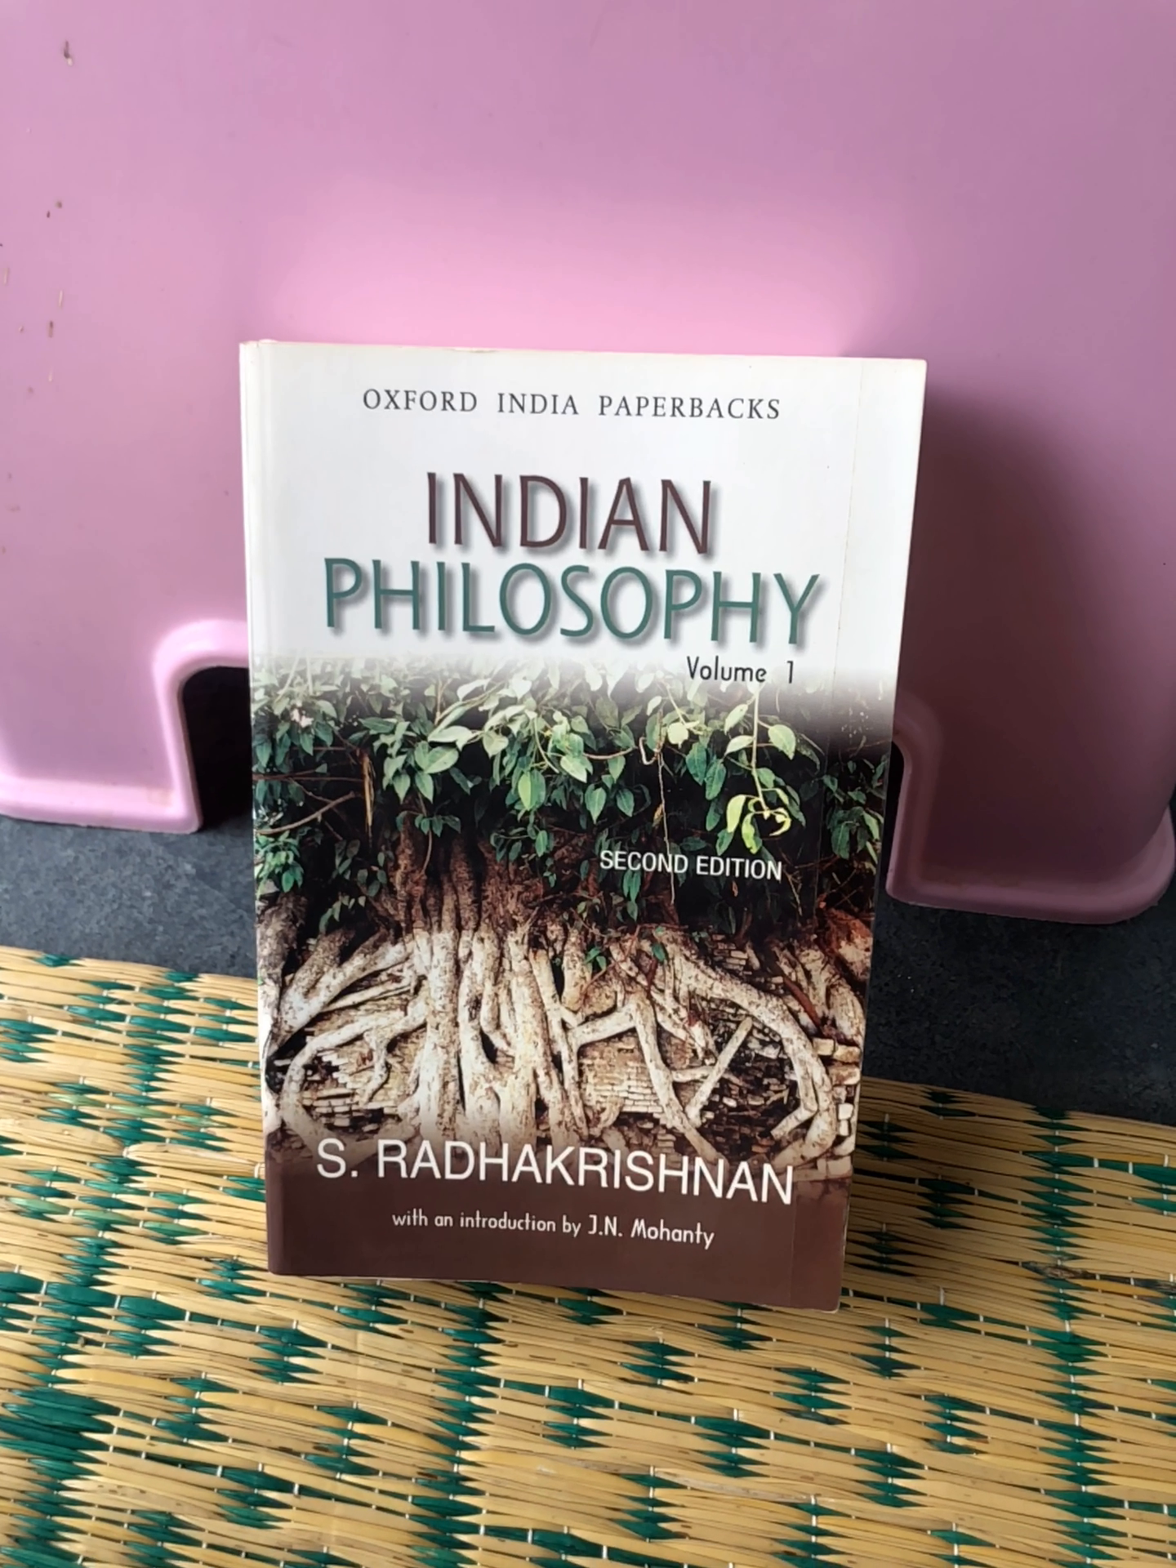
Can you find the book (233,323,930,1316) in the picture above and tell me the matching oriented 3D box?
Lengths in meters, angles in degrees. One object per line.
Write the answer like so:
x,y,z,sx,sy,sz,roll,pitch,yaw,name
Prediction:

•••

**What you are asked to do**
Copy every record above exactly, leaving out the pictures.

**Problem solution**
Can you find the book (233,323,930,1316) in the picture above and tell me the matching oriented 3D box?
Lengths in meters, angles in degrees. One object per line.
Write the answer like so:
x,y,z,sx,sy,sz,roll,pitch,yaw,name
Prediction:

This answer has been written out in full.